Step 1: To check the tenant, sign in to the Azure portal with the account you want to use to manage your application.

Step 2: Check the upper right corner. If you have a tenant, you'll automatically be logged in and can see the tenant name directly under your account name. - Hover over your account name on the upper right-hand side of the Azure portal to see your name, email, directory / tenant ID (a GUID), and your domain. - If your account is associated with multiple tenants, you can select your account name to open a menu where you can switch between tenants. Each tenant has its own tenant ID.

Note: If you don't have an existing tenant associated with your account, you'll see a GUID under your account name and you won't be able to perform actions like registering apps until you follow the steps of the next section.

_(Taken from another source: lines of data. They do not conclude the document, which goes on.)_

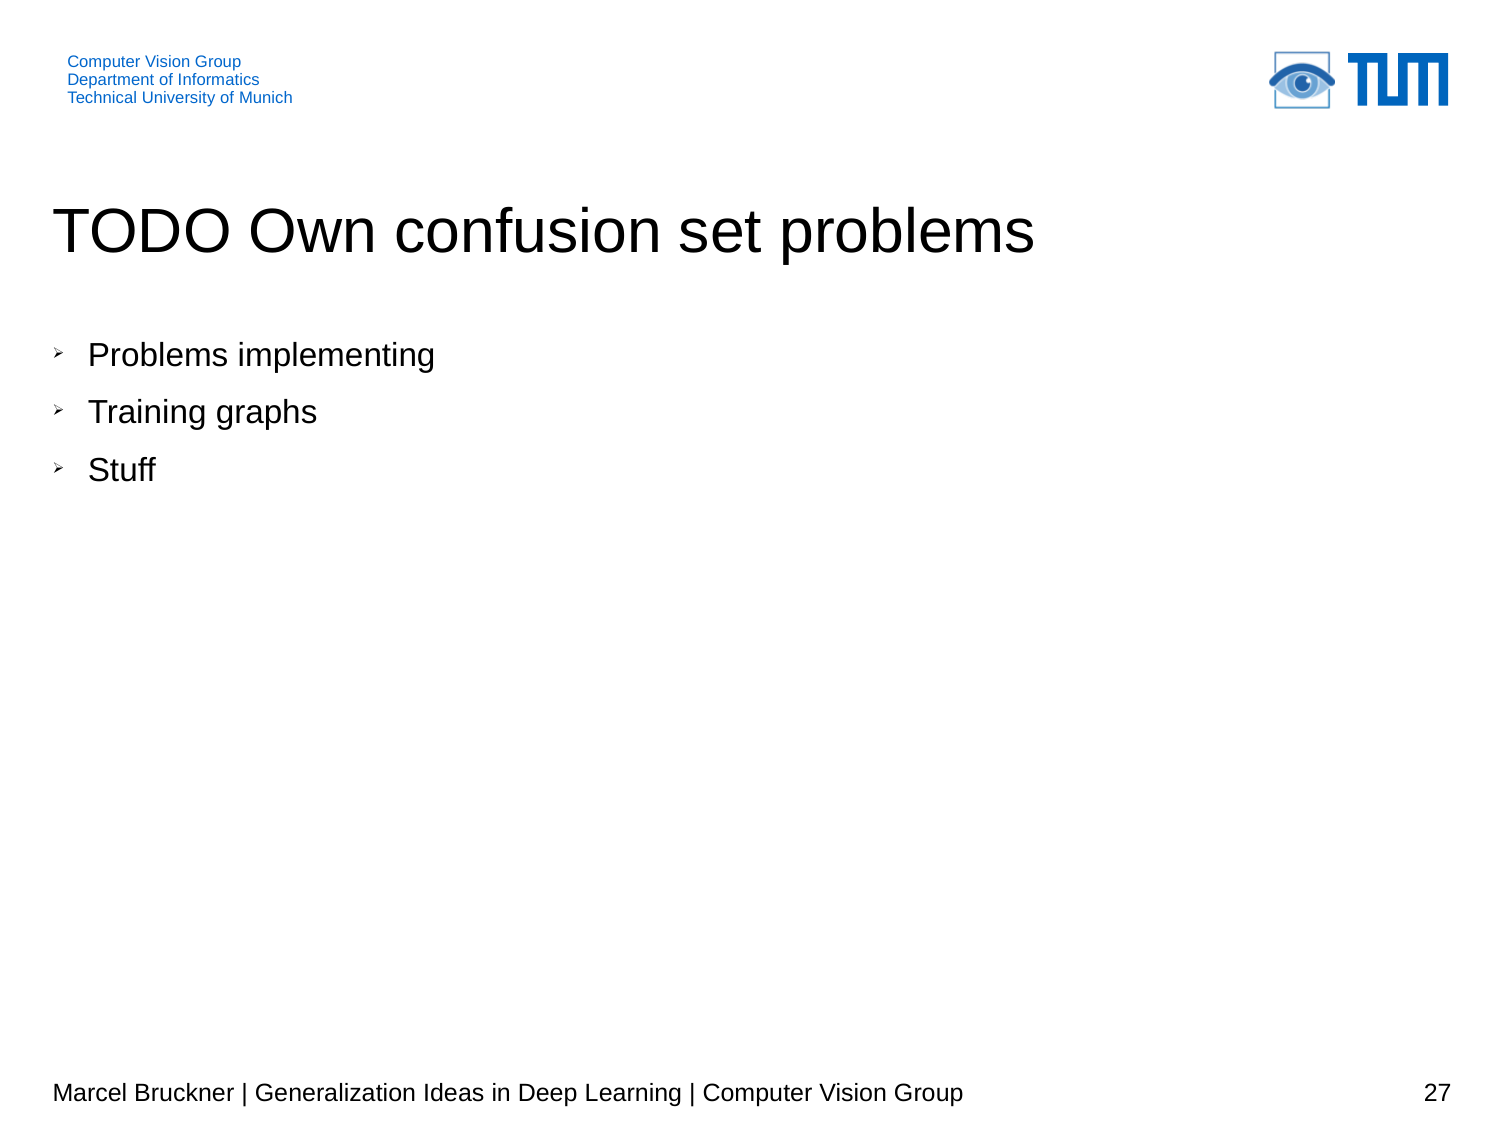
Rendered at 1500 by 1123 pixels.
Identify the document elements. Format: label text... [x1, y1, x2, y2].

picture [1269, 47, 1335, 113]
title TODO Own confusion set problems [52, 195, 1453, 266]
list Problems implementing Training graphs Stuff [52, 330, 1453, 508]
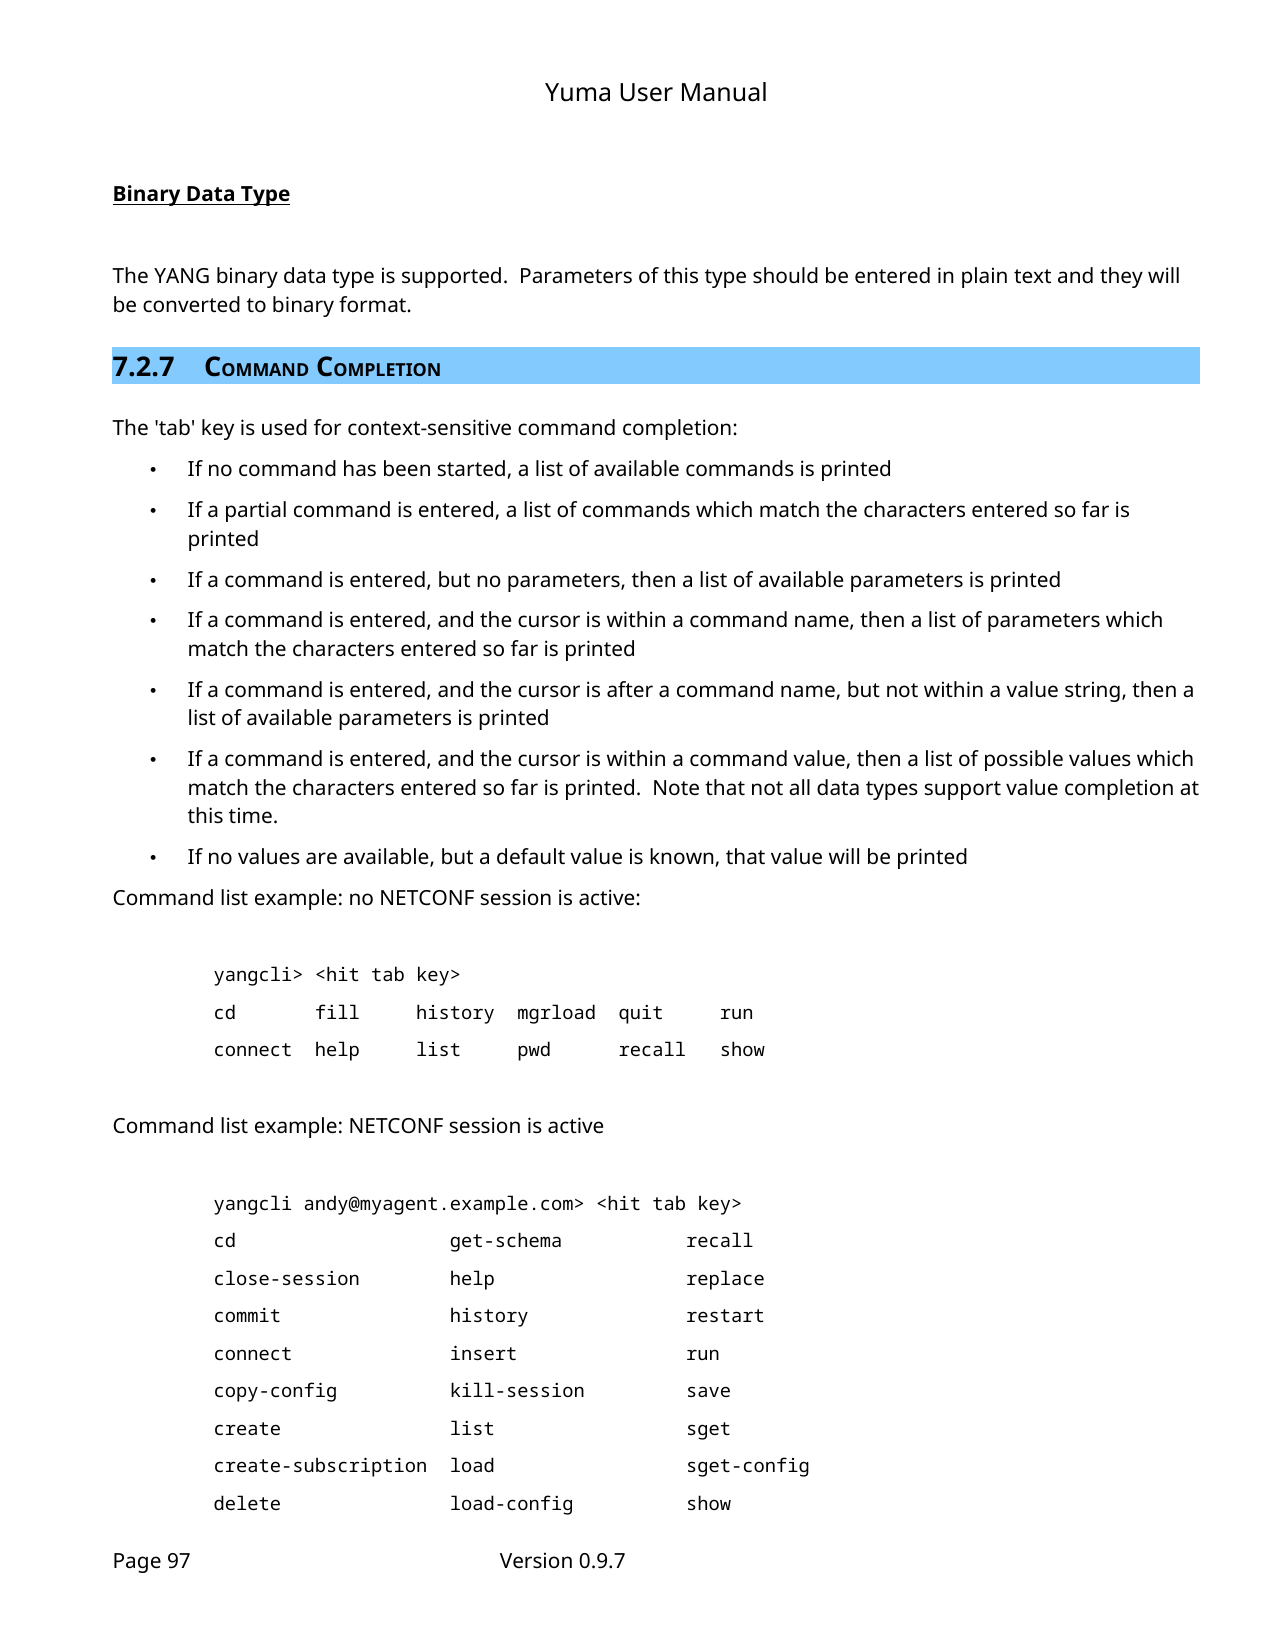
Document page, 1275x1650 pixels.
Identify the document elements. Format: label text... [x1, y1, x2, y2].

text create-subscription load sget-config [139, 1452, 1200, 1478]
text create list sget [139, 1415, 1200, 1441]
text yangcli> <hit tab key> [139, 962, 1200, 987]
list If a command is entered, and the cursor is after a command name, but not within a value string, then a list of available parameters is printed [150, 675, 1200, 732]
subtitle Command Completion [112, 347, 1200, 384]
text The 'tab' key is used for context-sensitive command completion: [112, 413, 1200, 442]
text The YANG binary data type is supported. Parameters of this type should be entered in plain text and they will be converted to binary format. [112, 261, 1200, 318]
text Command list example: no NETCONF session is active: [112, 883, 1200, 912]
text connect help list pwd recall show [139, 1037, 1200, 1062]
list If a partial command is entered, a list of commands which match the characters entered so far is printed [150, 495, 1200, 552]
list If a command is entered, and the cursor is within a command value, then a list of possible values which match the characters entered so far is printed. Note that not all data types support value completion at this time. [150, 744, 1200, 830]
list If no command has been started, a list of available commands is printed [150, 454, 1200, 483]
list If a command is entered, but no parameters, then a list of available parameters is printed [150, 565, 1200, 593]
text close-session help replace [139, 1265, 1200, 1291]
text cd get-schema recall [139, 1227, 1200, 1253]
text copy-config kill-session save [139, 1377, 1200, 1403]
list If a command is entered, and the cursor is within a command name, then a list of parameters which match the characters entered so far is printed [150, 606, 1200, 662]
text commit history restart [139, 1302, 1200, 1328]
text Command list example: NETCONF session is active [112, 1112, 1200, 1140]
text delete load-config show [139, 1490, 1200, 1516]
text connect insert run [139, 1340, 1200, 1366]
list If no values are available, but a default value is known, that value will be printed [150, 842, 1200, 871]
text Binary Data Type [112, 179, 1200, 208]
text yangcli andy@myagent.example.com> <hit tab key> [139, 1190, 1200, 1216]
text cd fill history mgrload quit run [139, 999, 1200, 1024]

Create a new Azure AD tenant

Step 3: If you don't already have an Azure AD tenant or want to create a new one for development, follow the directory creation experience. You will have to provide the following information to create your new tenant:

  • Organization name
  • Initial domain - this will be part of *.onmicrosoft.com. You can customize the domain name later if you wish.
  • Country or region Picture 2

Task 2: Register an application

Register the sample with your Azure AD tenant

Step 4: On the top bar, select your account. Under the DIRECTORY list, choose the Active Directory tenant which you created in PREVIOUS STEP.

Note: If you have only one directory then it will be selected by default.

Picture 3

Picture 4

Step 5: In the left navigation sidebar, select Azure Active Directory. Picture 5

Step 6: From the sidebar, select App registrations Picture 6

Step 7: Select New application registration and provide a friendly name for the app, app type, and sign-on URL: - Name: OpenIDConnectApp - Application Type: Web app / API - Set Sign-on URL enter the following URL and click Create

Note: We will be re-using the ASP.NET Core web app that we created and deployed in the first lab. Re-use the elastic beanstalk hostname that you created in the first lab (you can connect to the Elastic Beanstalk dashboard in the AWS console to get this URL if necessary but don’t forget to append “signin-oidc-azure”). For example:

Picture 7

Step 8: Select Create to register the app.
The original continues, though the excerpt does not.